Наступили самые жаркие дни для жаналыкцев. Жаркие, хотя осенью уже повеяло и солнце не жгло как прежде. Нет-нет да и набегут облака на край неба, а с края-то и начинается непогода, и жди ее со дня на день. До непогоды надо было убрать с полей и хлопок и рис, провести последний укос клевера, повалить и засилосовать кукурузу второго сева. Дел невпроворот, и все дела срочные, все горящие. Люди в это время уже не ходили, а все чаще бегали, сновали. Редко входили в кабинет, чаще врывались.

Ворвался и Елбай. Он буквально влетел в кабинет Даулетова и прямо на стол директору шлепнул бумагу: «Ведомость».

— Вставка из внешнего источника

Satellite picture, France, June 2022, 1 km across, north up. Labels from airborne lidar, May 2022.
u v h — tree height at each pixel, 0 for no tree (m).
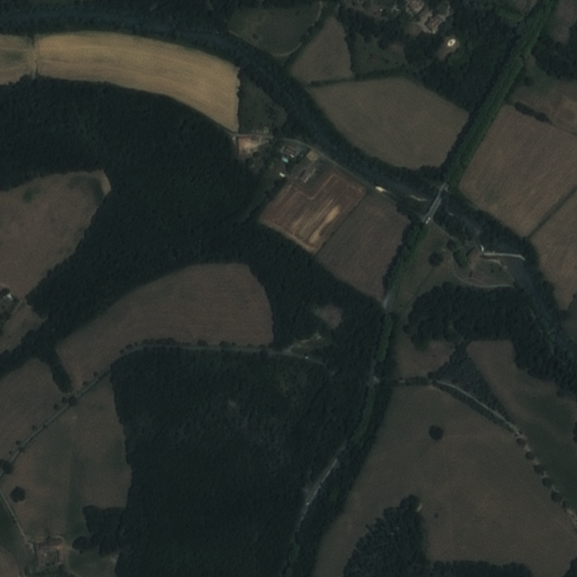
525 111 15
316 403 19
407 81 0
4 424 0
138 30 18
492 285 0
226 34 11
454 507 0
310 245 0
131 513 16
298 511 14
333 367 17
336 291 21
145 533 15
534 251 15
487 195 0
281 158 7
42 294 16
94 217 10
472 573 15
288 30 0
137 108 17
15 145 23
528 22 26
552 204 0
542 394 0
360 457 19
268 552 9
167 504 12
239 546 9
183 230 26
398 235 0
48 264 0
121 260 25
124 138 20
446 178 28
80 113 18
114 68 0
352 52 7
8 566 0
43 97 18
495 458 0
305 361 8
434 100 0
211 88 0
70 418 0
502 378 0
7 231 0
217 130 21
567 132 0
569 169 0
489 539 0
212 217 20
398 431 0
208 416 13
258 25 0
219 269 0
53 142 20
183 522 16
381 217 0
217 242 14
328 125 19
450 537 0
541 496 0
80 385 0
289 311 21
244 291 0
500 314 24
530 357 23
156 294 0
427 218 0
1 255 0
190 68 0
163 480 11
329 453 19
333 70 0
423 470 0
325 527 22
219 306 0
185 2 21
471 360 14
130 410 11
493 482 0
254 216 14
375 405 20
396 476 0
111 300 13
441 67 13
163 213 19
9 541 0
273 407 13
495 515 0
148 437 7
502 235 17
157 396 13
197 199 20
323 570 0
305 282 25
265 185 0
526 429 0
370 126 0
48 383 0
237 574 10
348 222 0
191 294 0
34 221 0
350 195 0
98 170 12
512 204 0
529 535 0
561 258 0
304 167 0
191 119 16
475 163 0
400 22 19
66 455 0
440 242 0
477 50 11
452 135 0
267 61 16
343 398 20
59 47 0
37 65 0
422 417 0
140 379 11
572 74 10
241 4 14
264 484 10
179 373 10
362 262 0
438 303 17
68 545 0
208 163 23
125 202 20
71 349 0
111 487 0
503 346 0
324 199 0
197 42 14
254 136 0
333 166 0
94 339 0
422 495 0
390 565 8
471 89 11
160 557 13
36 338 26
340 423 18
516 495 0
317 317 20
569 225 0
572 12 0
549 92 0
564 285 0
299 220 0
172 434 13
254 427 10
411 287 0
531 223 0
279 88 15
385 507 0
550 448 0
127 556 15
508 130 0
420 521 19
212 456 10
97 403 0
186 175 16
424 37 15
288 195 0
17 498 17
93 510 20
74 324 14
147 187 19
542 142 0
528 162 0
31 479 0
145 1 21
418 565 8
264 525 7
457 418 0
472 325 19
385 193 0
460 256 22
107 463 0
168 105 23
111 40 0
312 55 0
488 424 0
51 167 19
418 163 0
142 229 25
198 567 12
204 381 15
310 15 0
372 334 21
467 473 0
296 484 16
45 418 0
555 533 0
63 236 0
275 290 19
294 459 20
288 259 27
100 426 0
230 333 0
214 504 14
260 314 0
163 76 0
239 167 24
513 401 0
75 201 0
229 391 11
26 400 0
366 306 18
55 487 0

Уже не первую ведомость подсовывал Елбай директору на подпись. Десятки фамилий стояли в графе «ФИО» и против каждой указывалась выработка и сумма к выплате. В самом низу, рядом со словом «итого», значилось шесть тысяч рублей.

— Сумма все увеличивается и увеличивается, — скосил глаза на правый нижний угол листа Даулетов.

— Поощрять людей надо, Жаксылык Даулетович, — вкрадчиво произнес Елбай. Глаза глядели по-лисьи. Так, наверное, лиса смотрит на ежа, которого нужно бы съесть, да вот колючки мешают.

— Надо поощрять, — согласился Даулетов. — Только кого и за что…

— Наших помощников за старания.

— Я тут вижу знакомые фамилии, они уже были в предыдущей ведомости…

— Глаз у вас острый и память цепкая, Жаксылык Даулетович! — колюче похвалил Елбай. — Были эти фамилии.

— Но среди членов бригады и жителей аула таких людей нет.

— Проверяли?

— Проверил. И не я один.

— Бдительность, Жаксылык Даулетович, у вас тоже завидная. Людей этих в нашем ауле точно нет. Они приехали из разных мест, чтобы помочь нам в трудную минуту. План-то, по вашей милости, срывается. С такой большой площади хлопок своими силами не соберешь.

— Похвально, что бригадир привлекает к сбору урожая силы со стороны. Но привлеченные вами люди на поле ни разу не выходили и ни одного грамма хлопка не собрали. Фартук, если они его надевали, наполнялся не хлопком. Кое-чем другим. Подозреваю, деньгами. — Даулетов впился взглядом в бригадира. Придирчивым, испытующим. Надеялся поразить Елбая, смутить хотя бы. Но не тут-то было.

— Не в фартук деньги кладут, Жаксылык Даулетович, — ехидно усмехнулся Елбай. — В карман обычно кладут…

— Сидя дома, за пиалой чая или водки? — подсказал Даулетов.

— На те деньги, что значились в прошлой ведомости, водку не купишь. Чай только. В этой сумма посолиднее. Выпьют водки и, возможно, конь'яку. У кого какой вкус. Но, полагаю, ни водка, ни коньяк их не интересует. Вы, кажется, не пьете вообще?

Нельзя было, видно, ничем сбить наглость с Елбая, и Даулетов ответил тем же:

— Ошиблись, Косжанов, запамятовали. В поле вместе с вами осушил термос водки. Теперь за это расплачиваться надо.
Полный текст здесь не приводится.